Leaving the pictures aside, reproduce the data in full and word for word.

§ THE INPUT
§
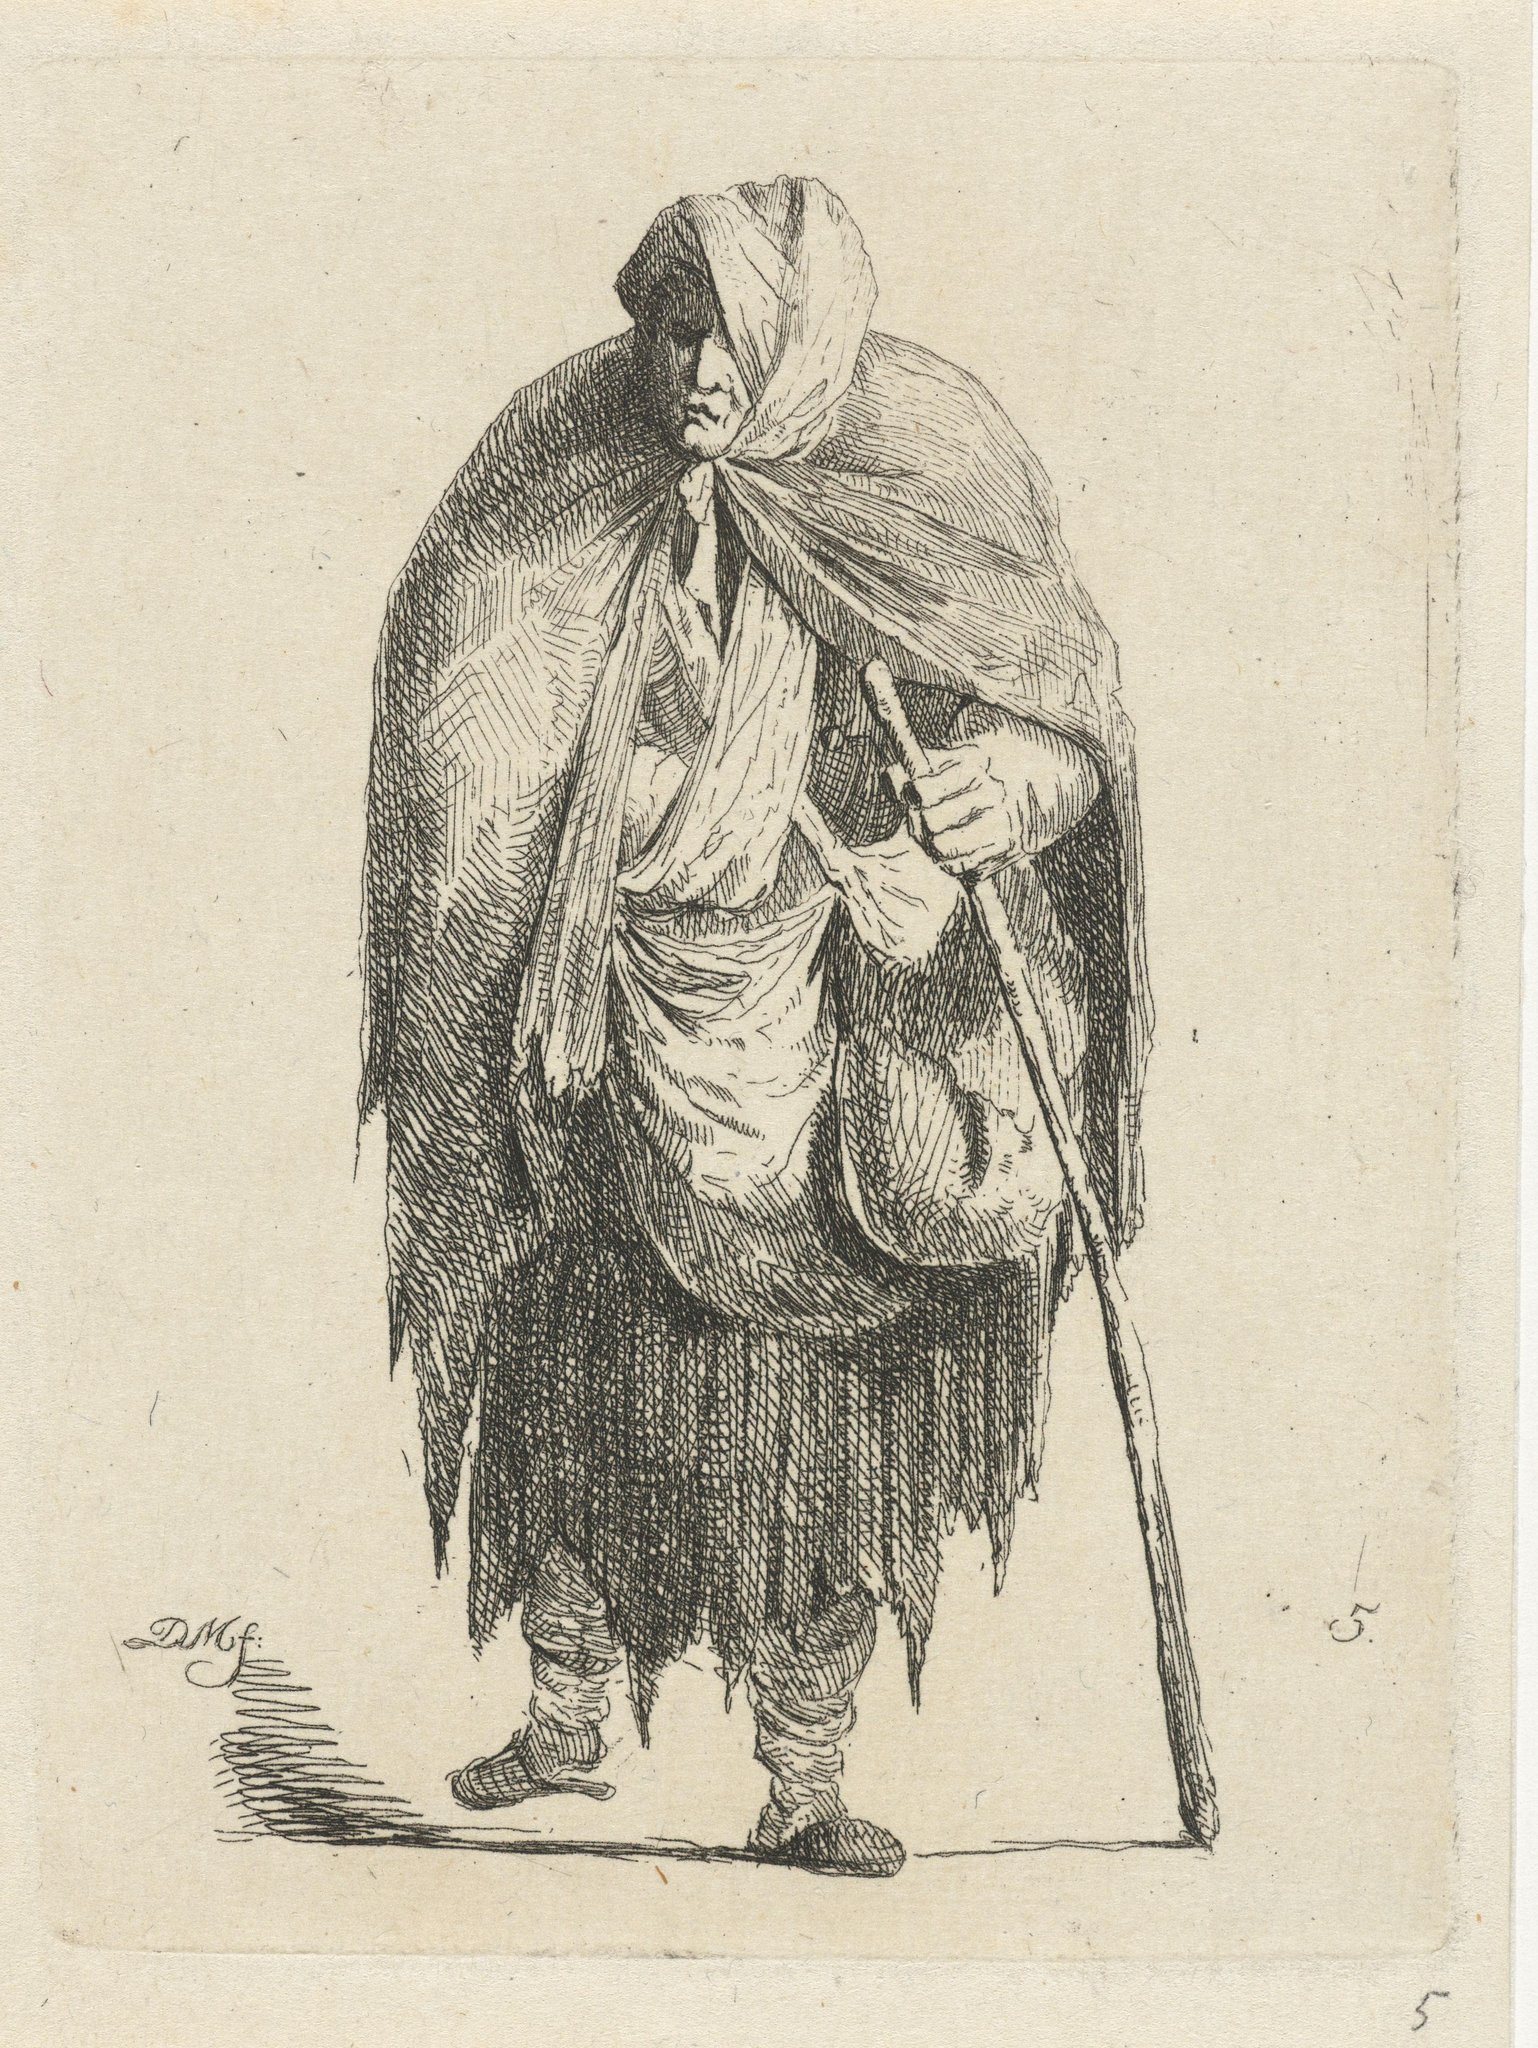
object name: print
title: Vrouw in lompen
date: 1803-1842
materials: paper
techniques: etching
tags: the poor
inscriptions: collector's mark: Lugt 2227
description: Een vrouw in lompen gehuld met een stok in haar hand en een tas over haar schouder. Rechtsonder: 5.
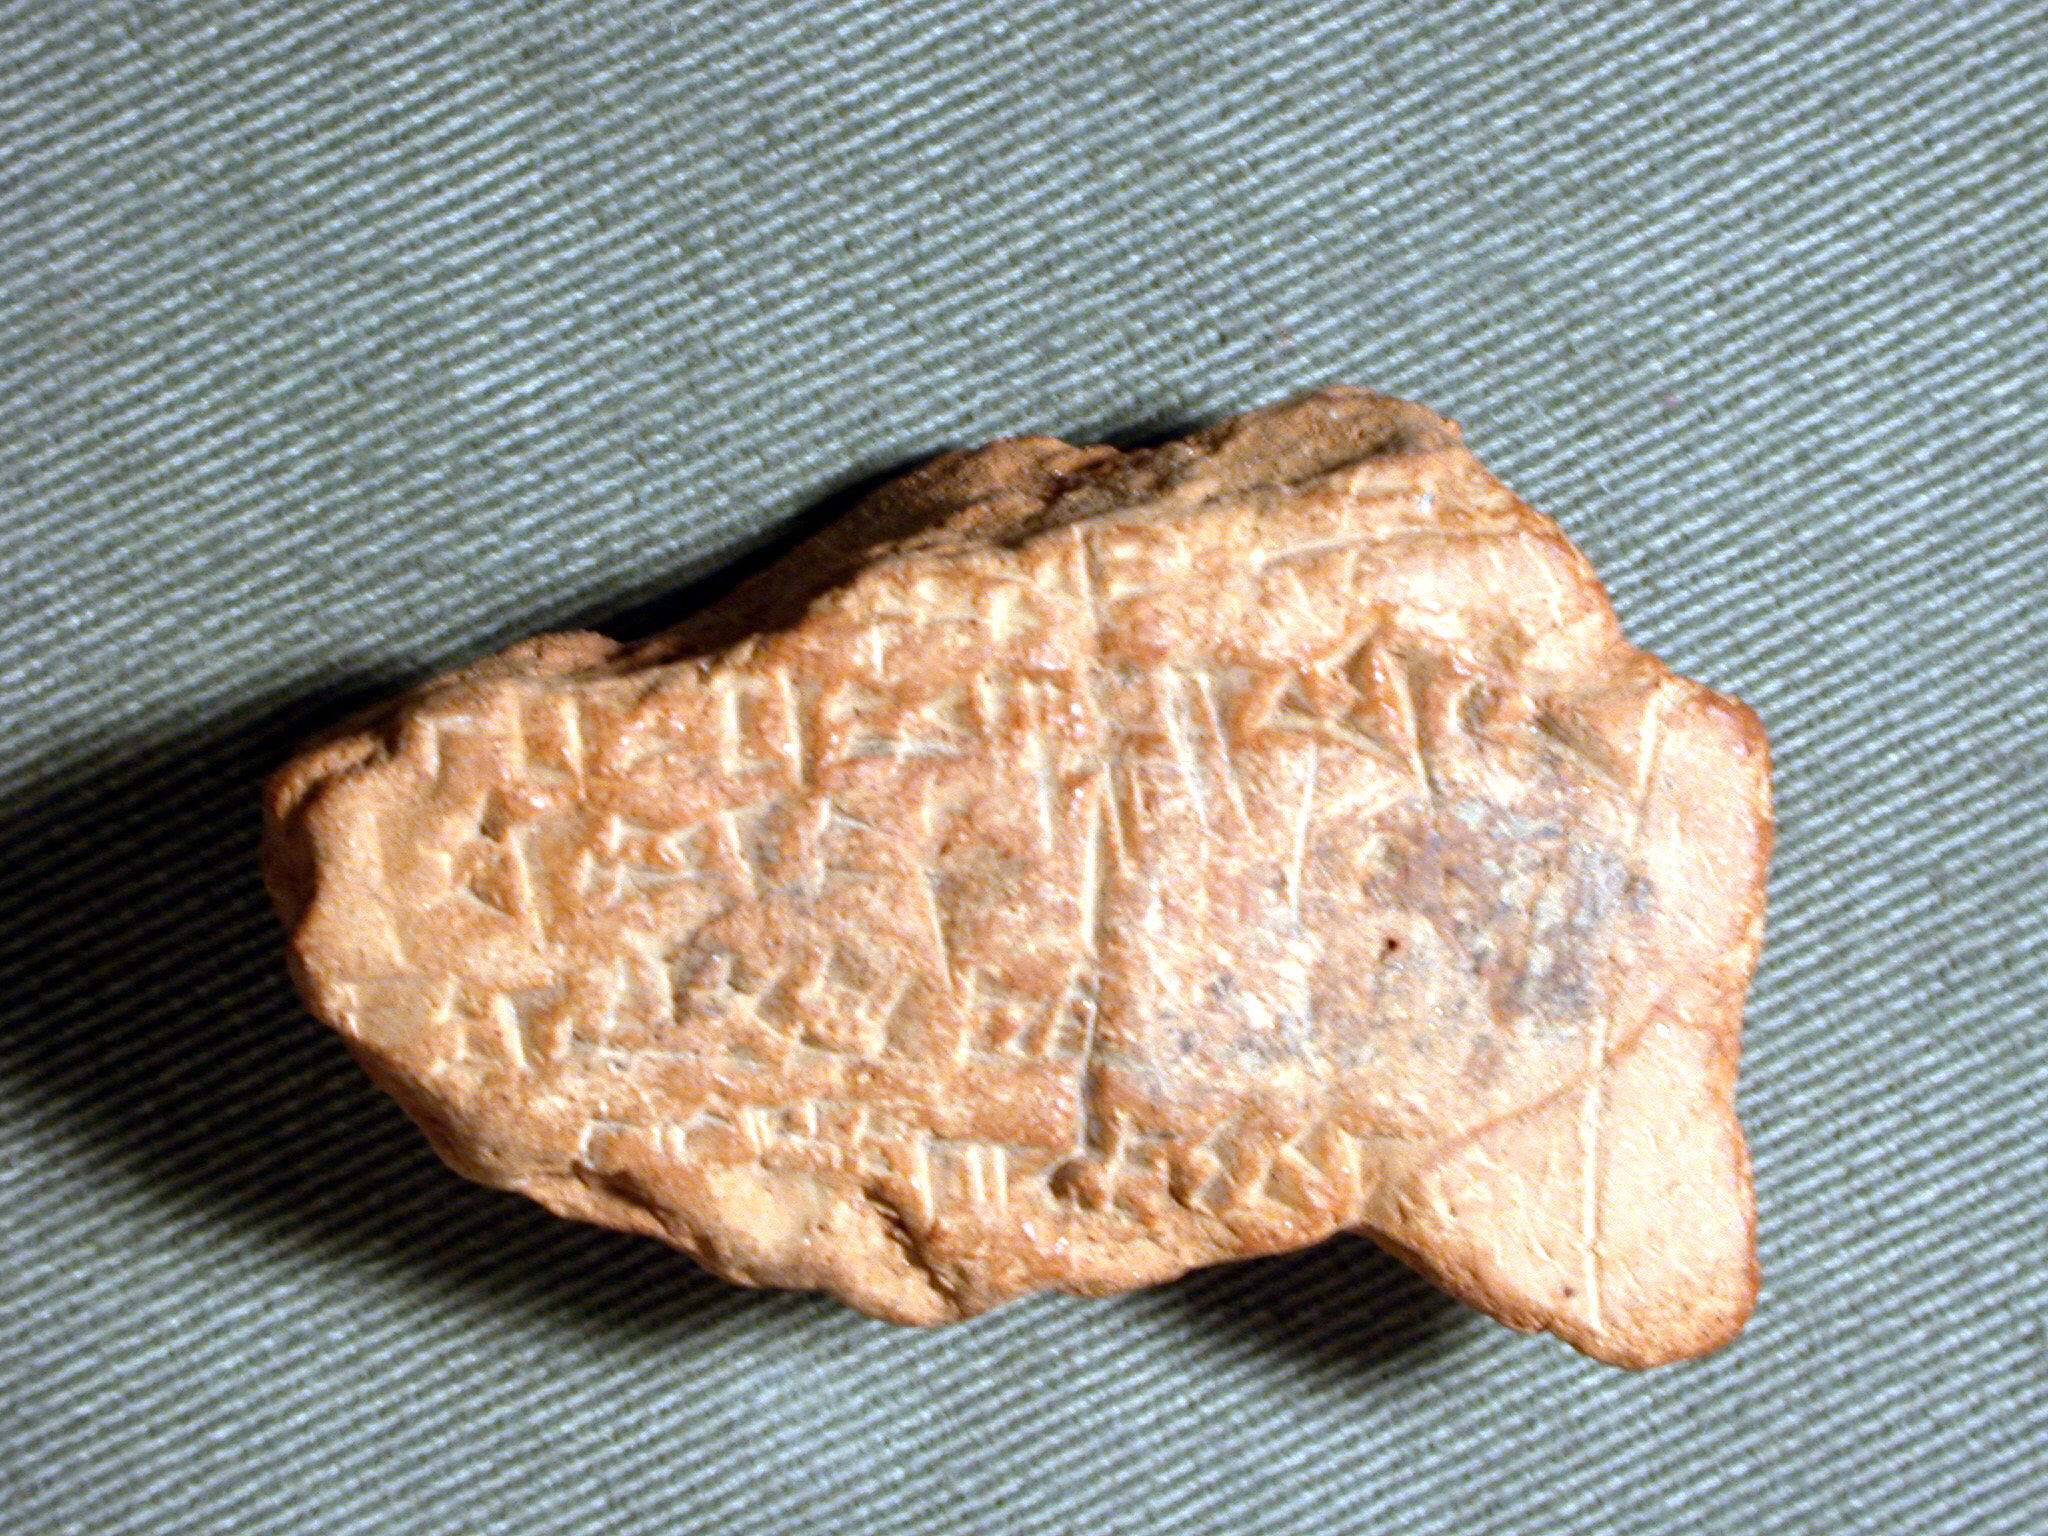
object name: cuneiform tablet
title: Cuneiform tablet: fragment, content uncertain
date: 333-1 BCE
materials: clay
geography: mesopotamia
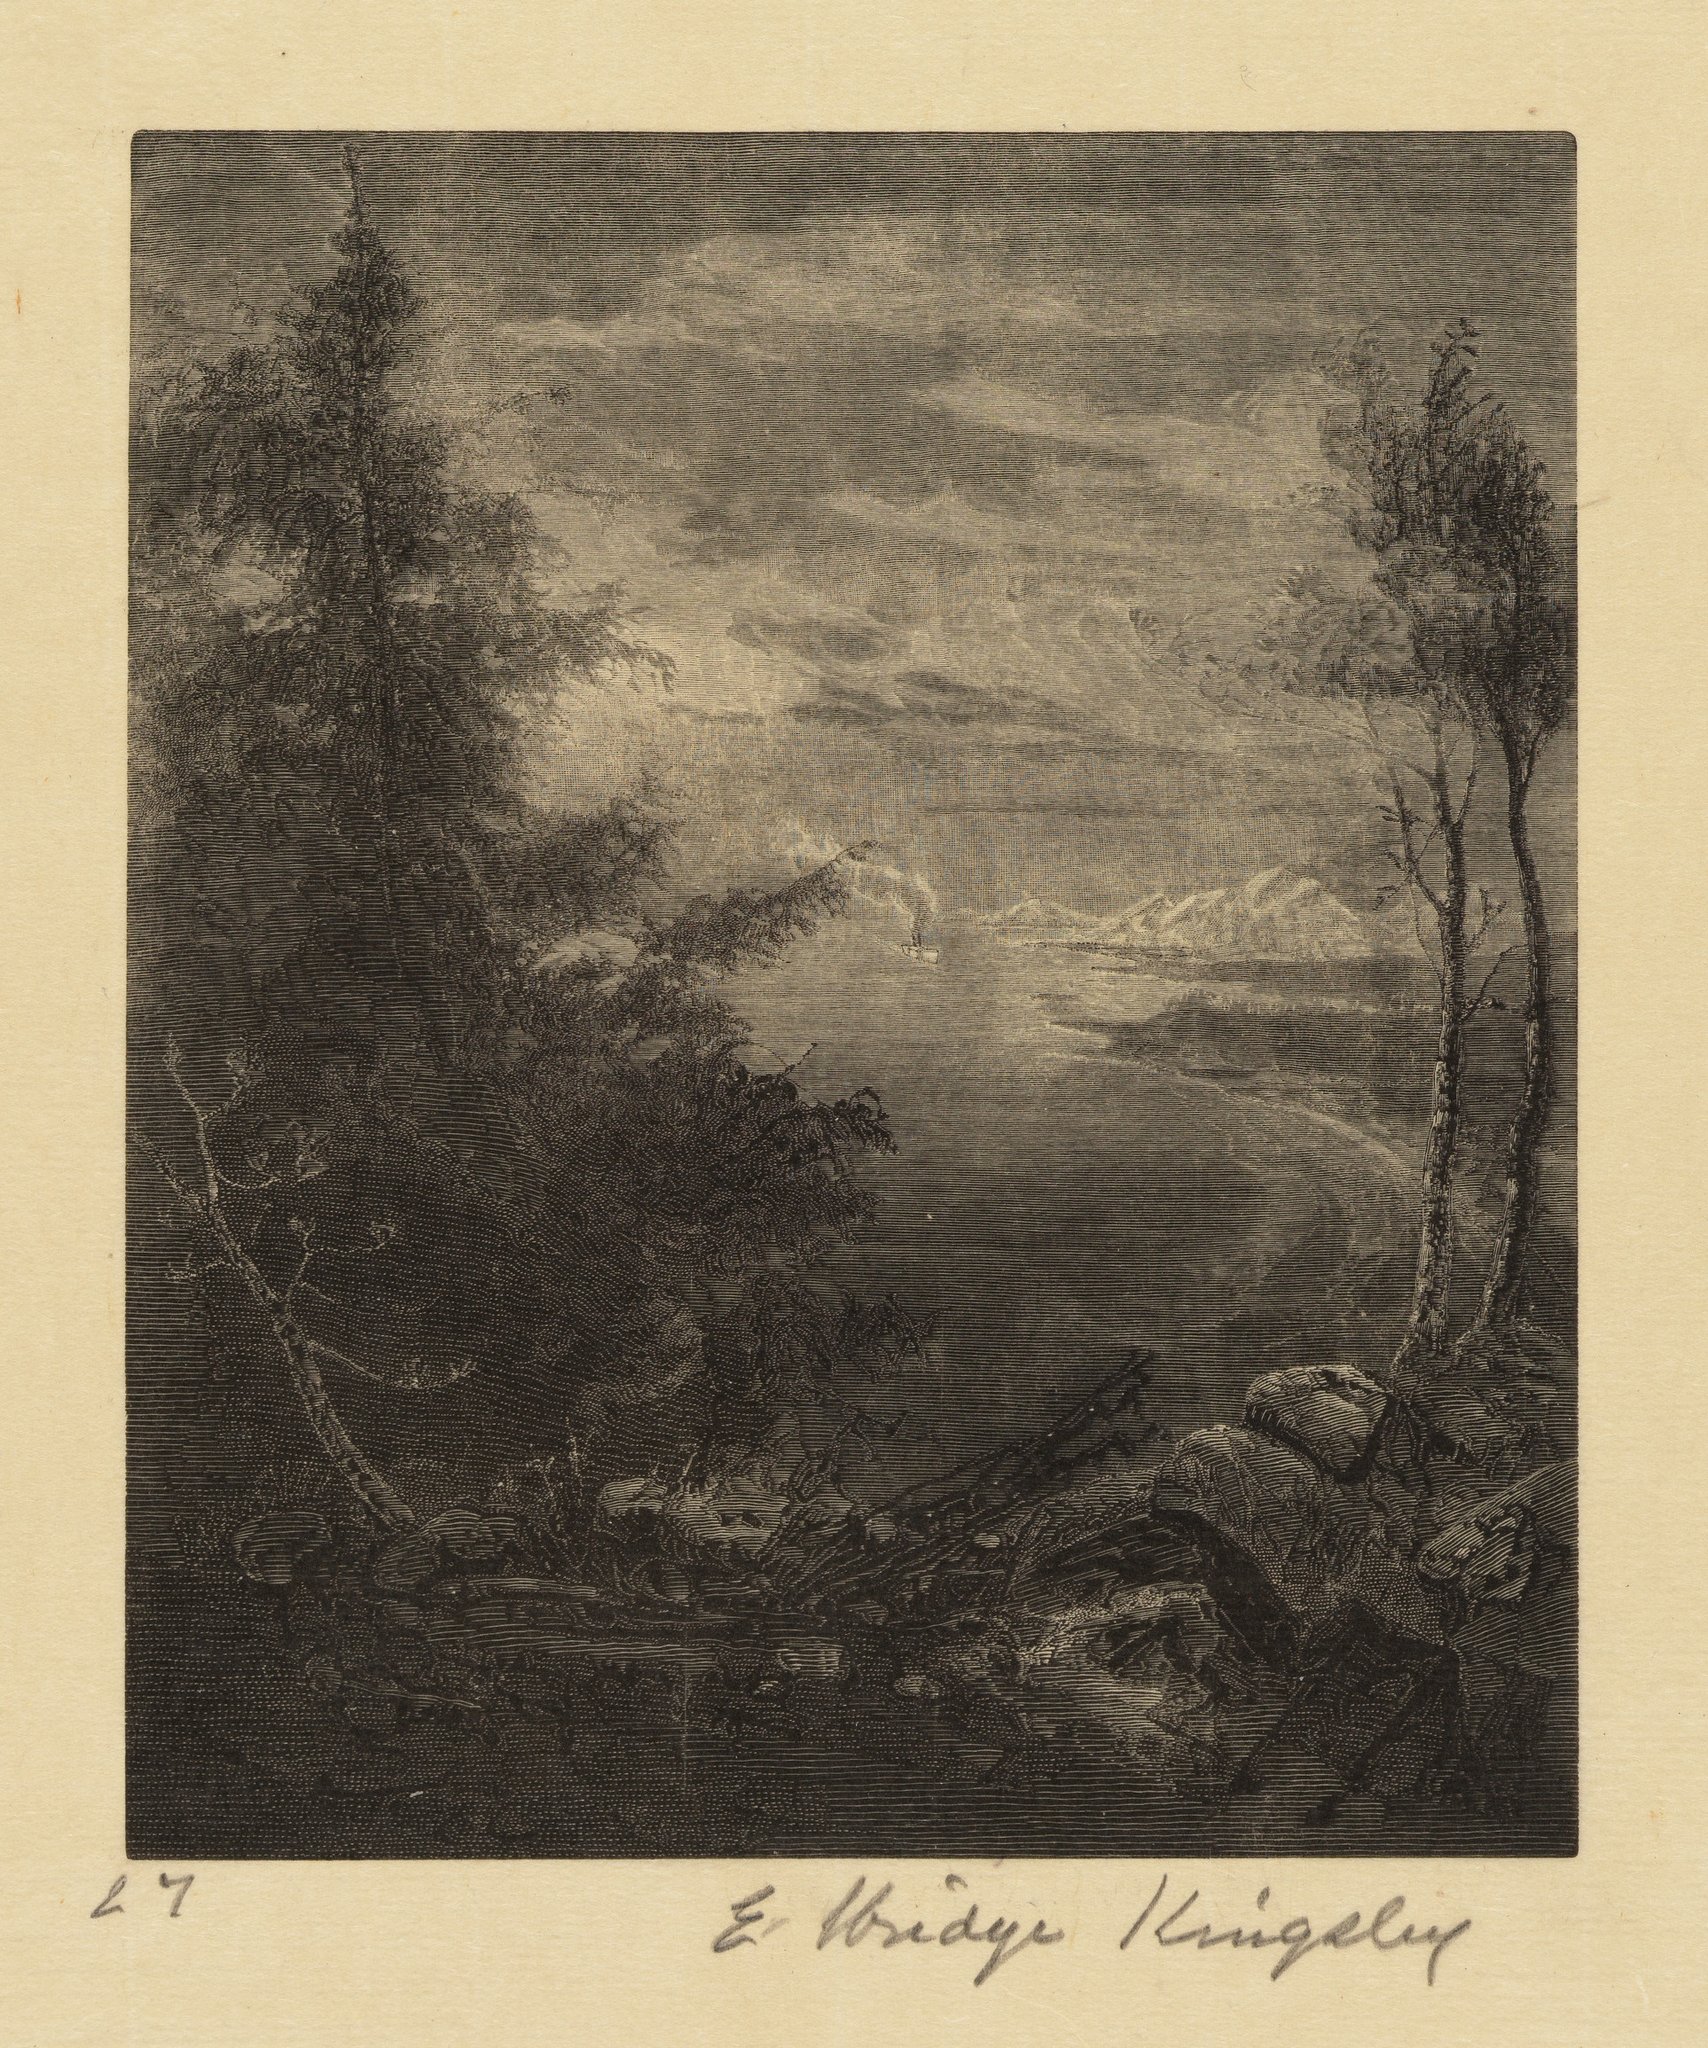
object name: print
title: The Lakeside
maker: elbridge kingsley
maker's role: artist
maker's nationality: american
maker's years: 1841-1918
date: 1860-1915
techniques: engraving
§
§ COMPLETED EXERCISE
object name: print
title: Vrouw in lompen
date: 1803-1842
materials: paper
techniques: etching
tags: the poor
inscriptions: collector's mark: Lugt 2227
description: Een vrouw in lompen gehuld met een stok in haar hand en een tas over haar schouder. Rechtsonder: 5.
object name: cuneiform tablet
title: Cuneiform tablet: fragment, content uncertain
date: 333-1 BCE
materials: clay
geography: mesopotamia
object name: print
title: The Lakeside
maker: elbridge kingsley
maker's role: artist
maker's nationality: american
maker's years: 1841-1918
date: 1860-1915
techniques: engraving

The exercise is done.